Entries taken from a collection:
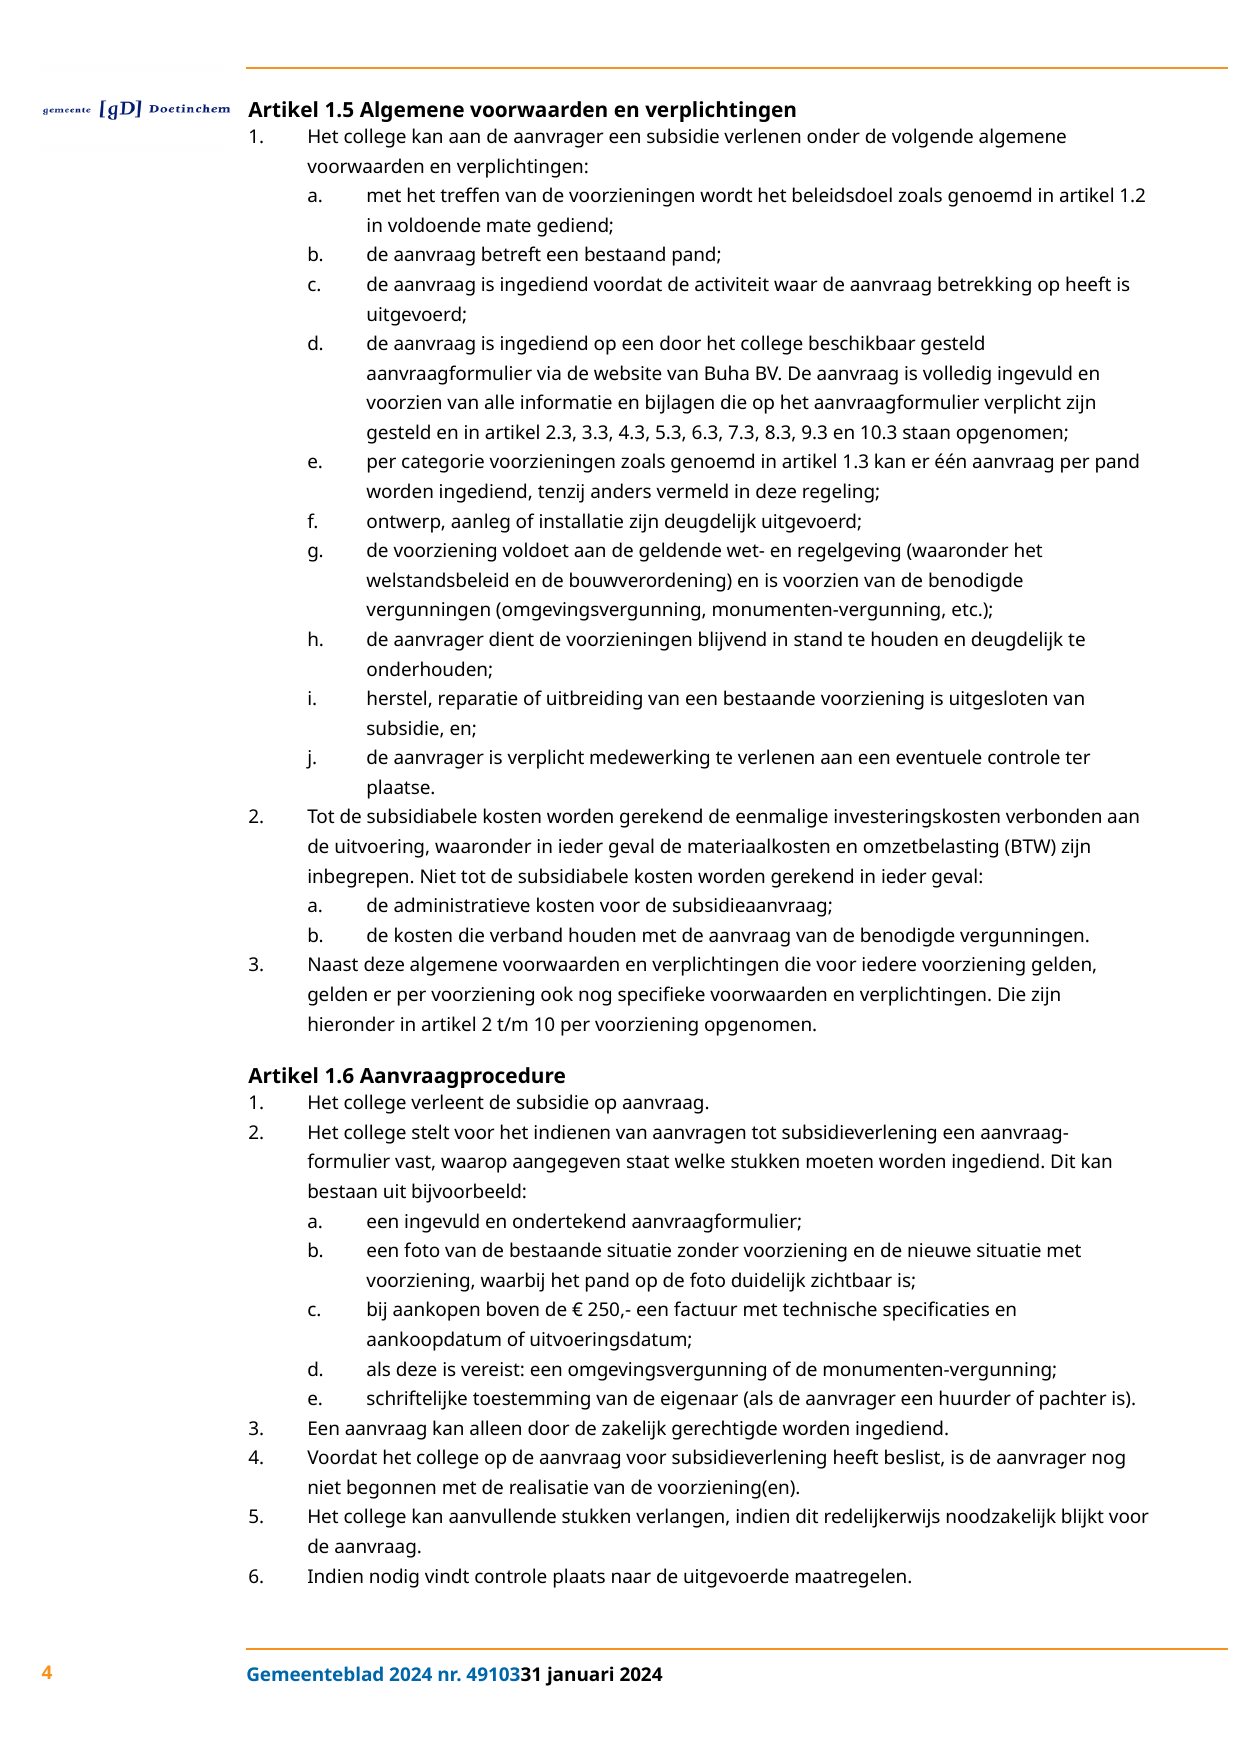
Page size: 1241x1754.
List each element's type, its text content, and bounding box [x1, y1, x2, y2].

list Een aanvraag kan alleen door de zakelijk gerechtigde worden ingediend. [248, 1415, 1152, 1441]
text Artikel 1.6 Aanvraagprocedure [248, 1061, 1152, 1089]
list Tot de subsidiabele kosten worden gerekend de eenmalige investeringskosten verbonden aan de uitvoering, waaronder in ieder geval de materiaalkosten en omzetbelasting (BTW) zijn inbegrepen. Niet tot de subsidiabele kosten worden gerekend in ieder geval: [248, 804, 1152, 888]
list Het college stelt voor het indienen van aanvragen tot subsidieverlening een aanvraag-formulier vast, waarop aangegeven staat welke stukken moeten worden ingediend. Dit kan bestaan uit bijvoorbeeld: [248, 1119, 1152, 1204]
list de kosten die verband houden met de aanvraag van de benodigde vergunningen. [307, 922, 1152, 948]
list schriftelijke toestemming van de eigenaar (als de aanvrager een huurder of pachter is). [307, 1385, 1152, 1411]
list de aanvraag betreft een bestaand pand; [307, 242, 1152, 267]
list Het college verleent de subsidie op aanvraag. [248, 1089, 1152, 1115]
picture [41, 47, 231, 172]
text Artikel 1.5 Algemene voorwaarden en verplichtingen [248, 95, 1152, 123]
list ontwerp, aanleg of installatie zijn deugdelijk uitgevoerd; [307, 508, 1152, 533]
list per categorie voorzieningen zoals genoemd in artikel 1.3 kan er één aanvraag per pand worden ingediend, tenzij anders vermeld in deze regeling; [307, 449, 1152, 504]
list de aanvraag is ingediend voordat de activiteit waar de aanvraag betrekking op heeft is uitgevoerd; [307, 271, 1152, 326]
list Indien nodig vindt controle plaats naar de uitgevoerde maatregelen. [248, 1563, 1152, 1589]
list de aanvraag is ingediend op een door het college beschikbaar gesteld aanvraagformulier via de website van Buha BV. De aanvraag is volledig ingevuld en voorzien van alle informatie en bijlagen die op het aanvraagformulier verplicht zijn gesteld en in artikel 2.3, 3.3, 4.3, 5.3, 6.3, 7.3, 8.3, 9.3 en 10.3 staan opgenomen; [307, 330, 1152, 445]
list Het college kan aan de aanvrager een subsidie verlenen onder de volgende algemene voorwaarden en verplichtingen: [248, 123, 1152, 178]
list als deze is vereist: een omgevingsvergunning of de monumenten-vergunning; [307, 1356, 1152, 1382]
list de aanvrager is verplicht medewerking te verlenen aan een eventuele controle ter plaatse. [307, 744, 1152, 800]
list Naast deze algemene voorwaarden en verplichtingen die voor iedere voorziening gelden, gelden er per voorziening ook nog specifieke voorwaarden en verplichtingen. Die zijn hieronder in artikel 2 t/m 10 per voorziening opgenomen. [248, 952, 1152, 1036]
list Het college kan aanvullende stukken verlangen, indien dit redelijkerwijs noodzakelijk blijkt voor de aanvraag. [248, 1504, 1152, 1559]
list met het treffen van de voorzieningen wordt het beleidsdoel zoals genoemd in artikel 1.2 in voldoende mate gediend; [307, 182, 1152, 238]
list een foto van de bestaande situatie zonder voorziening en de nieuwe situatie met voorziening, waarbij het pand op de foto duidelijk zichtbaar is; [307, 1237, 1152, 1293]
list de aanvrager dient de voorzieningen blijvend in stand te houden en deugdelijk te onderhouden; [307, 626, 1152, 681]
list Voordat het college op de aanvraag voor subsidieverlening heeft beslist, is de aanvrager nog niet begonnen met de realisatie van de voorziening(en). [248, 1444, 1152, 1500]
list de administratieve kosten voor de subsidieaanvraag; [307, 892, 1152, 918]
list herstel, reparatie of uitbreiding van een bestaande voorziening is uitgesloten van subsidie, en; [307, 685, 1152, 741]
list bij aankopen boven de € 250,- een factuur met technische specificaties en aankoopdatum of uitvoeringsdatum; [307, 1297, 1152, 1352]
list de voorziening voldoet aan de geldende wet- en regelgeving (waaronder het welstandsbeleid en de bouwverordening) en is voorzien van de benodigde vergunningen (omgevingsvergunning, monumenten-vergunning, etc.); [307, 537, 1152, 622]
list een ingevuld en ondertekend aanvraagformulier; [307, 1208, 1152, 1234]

_EXERCISE AIM:_ Give back, exactly as written, the stretch from the line with "list herstel, reparatie" through the line with "list bij aankopen", and no other lines from the records above.

_EXERCISE ANSWER:_
list herstel, reparatie of uitbreiding van een bestaande voorziening is uitgesloten van subsidie, en; [307, 685, 1152, 741]
list bij aankopen boven de € 250,- een factuur met technische specificaties en aankoopdatum of uitvoeringsdatum; [307, 1297, 1152, 1352]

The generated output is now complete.